IDC Japanは8月10日、2011年第1四半期(1月〜3月)の実績と、最新の景気動向などに基づく国内製品別IT市場予測を発表した。
調査結果によると、2011年の国内IT市場は12兆3863億円で、前年比成長率が2.4%減となり、前回予測(5月時点)の12兆1301億円、3.9%減からやや改善した。また、2011年の国内通信サービス市場は11兆250億円で同0.5%増となり、前回予測の11兆115億円、0.4%増から若干の上方修正となった。なお、IDC Japanでは、今回の調査からハードウェア市場にタブレットとeReaderを含めているが、5月時点の前回予測についても補正を加えて比較している。
IDC Japanが定義する国内IT市場は、「ITサービス市場」「パッケージソフトウェア市場」「ハードウェア市場」の3市場で構成される。2011年の同市場は、東日本大震災、原発事故、電力不足、円高などによる景気低迷を要因に、全体として低調となり、前年比マイナス成長になるとみている。市場規模は、ITサービス市場が4兆8541億円で同1.8%減、パッケージソフトウェア市場は2兆1493億円で同6.5%減、ハードウェア市場は5兆3829億円で同1.1%減と予測している。
一方、国内通信サービス市場は、「固定網音声サービス市場」「固定網データ通信サービス市場」「移動体音声サービス市場」「移動体データ通信サービス市場」の4つのサブマーケットで構成される。2011年のそれぞれの市場規模は、固定網音声サービス市場が1兆9599億円で同9.9%減、固定網データ通信サービス市場が2兆6007億円で同4.2%増、、移動体音声サービス市場が3兆4227億円で同3.8%減、、移動体データ通信サービス市場が3兆417億円で10.8%増と予測。国内通信サービス市場は、移動体データ通信サービス市場の高い伸びによって、2011年全体としてプラス成長に転じるとIDCではみている。
同社では、2012年には復興需要や外需が牽引する形で日本経済が改善、それに伴い多くの製品がプラス成長となり、国内IT市場は全体としてプラスに転じるとみている。特に、移動体データ通信サービス市場の高成長が続き、これにより国内通信サービス市場は全体として引き続きプラス成長になると予測。2012年の国内IT市場規模は12兆8233億円で同3.5%増、国内通信サービス市場規模は11兆1816億円で1.4%増になるとしている。

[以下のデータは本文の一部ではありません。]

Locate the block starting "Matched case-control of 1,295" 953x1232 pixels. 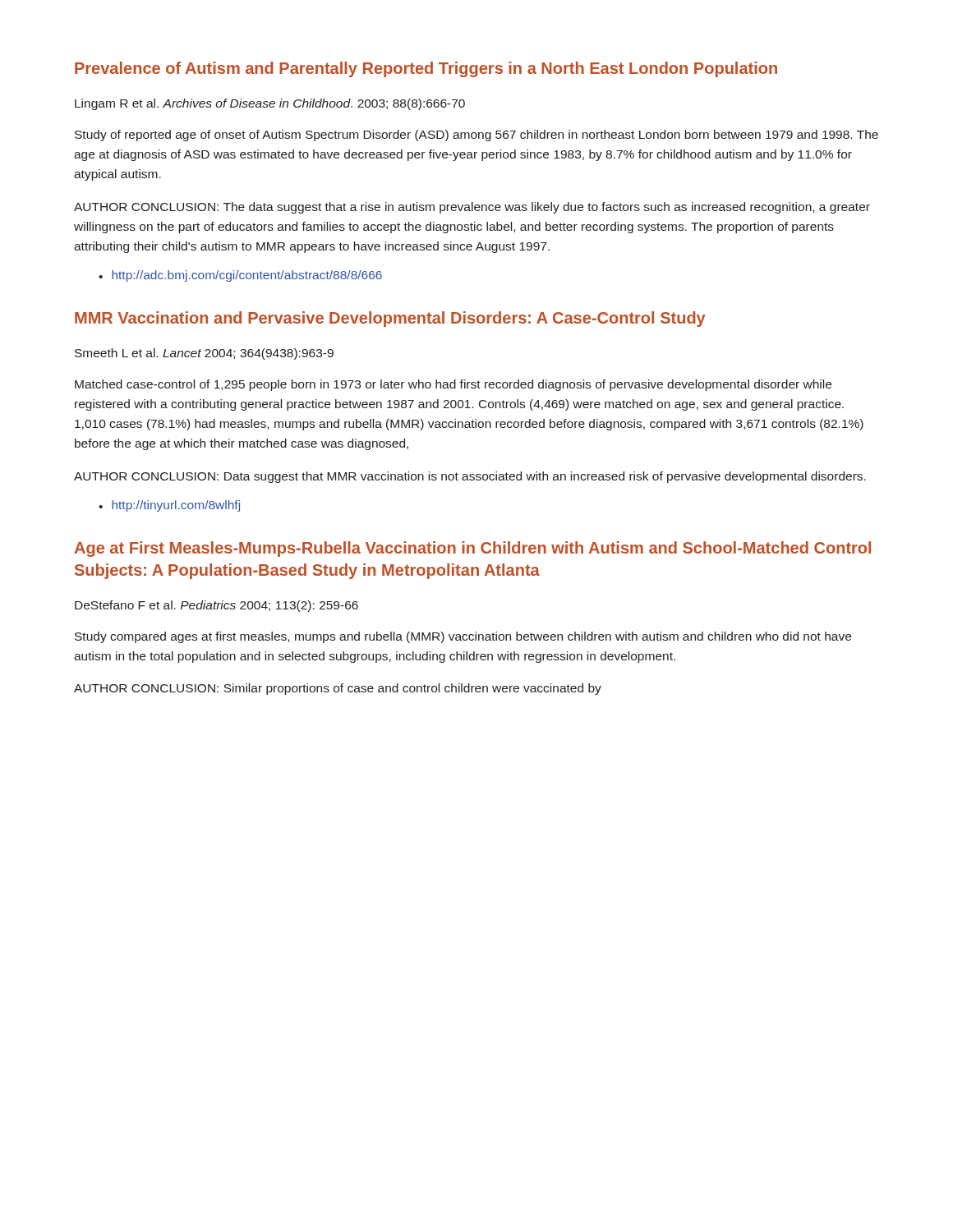click(x=476, y=414)
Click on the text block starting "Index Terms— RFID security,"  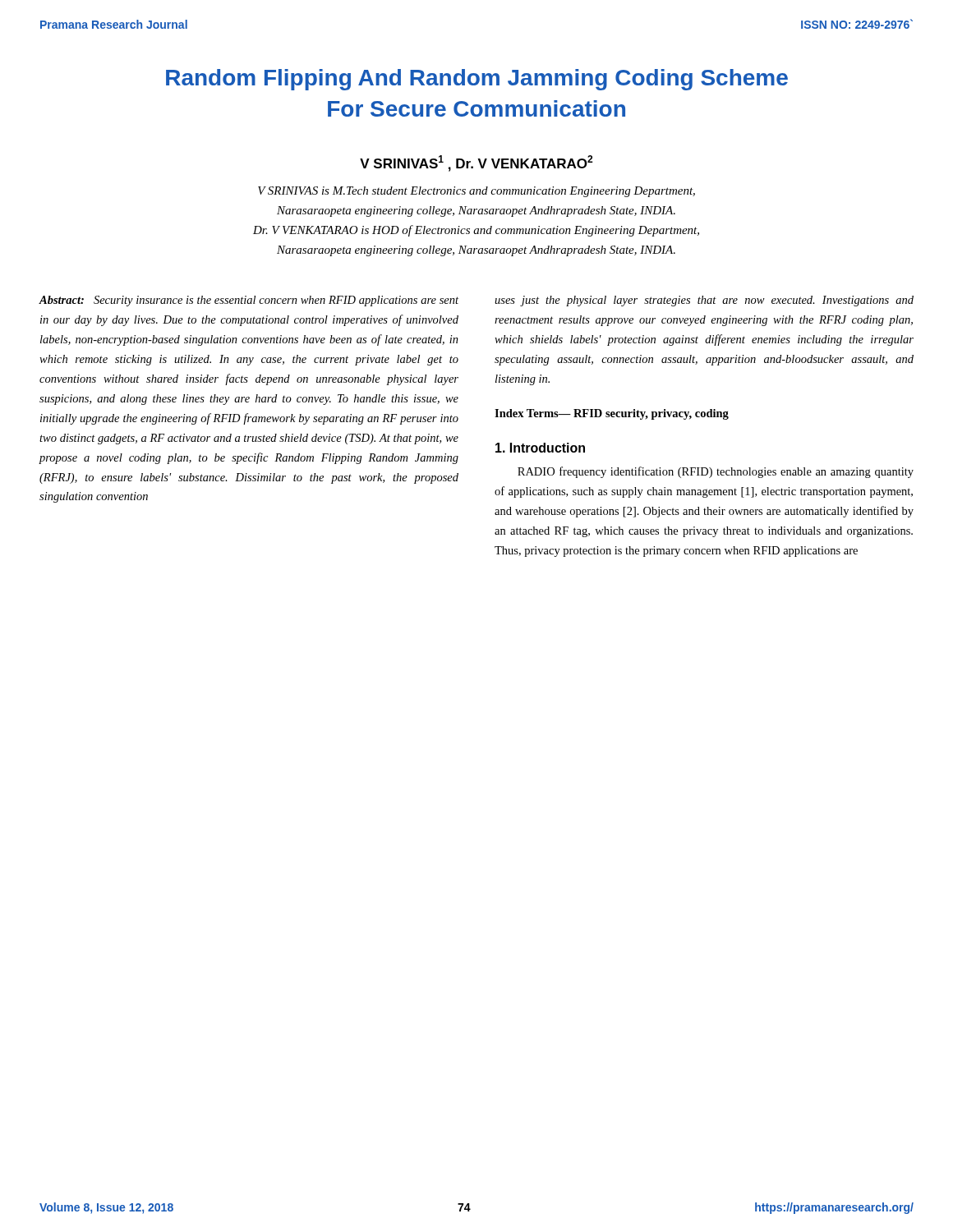click(x=612, y=413)
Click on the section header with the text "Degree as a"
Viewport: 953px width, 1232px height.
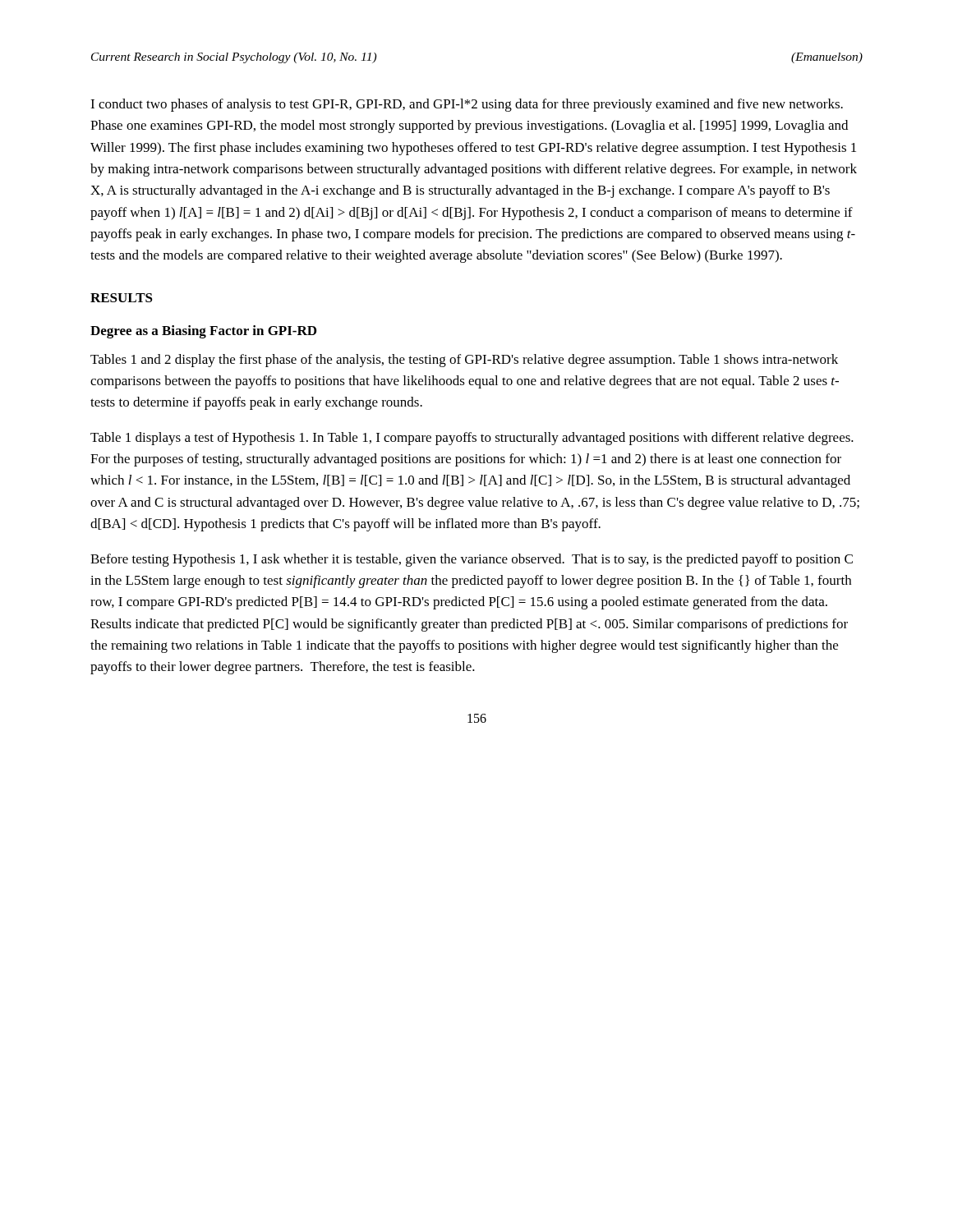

また、IDCでは日本全国で電力不足が懸念される状況となった現在、データセンター戦略の見直しが必須だと指摘。同社のITスペンディング/ITサービス/ソフトウェア&セキュリティ/コミュニケーションズ グループディレクターの和田英穂氏は「ITベンダーは韓国など近隣国でのデータセンターと高速回線のサービスを選択肢として用意すべきだ」とコメントしている。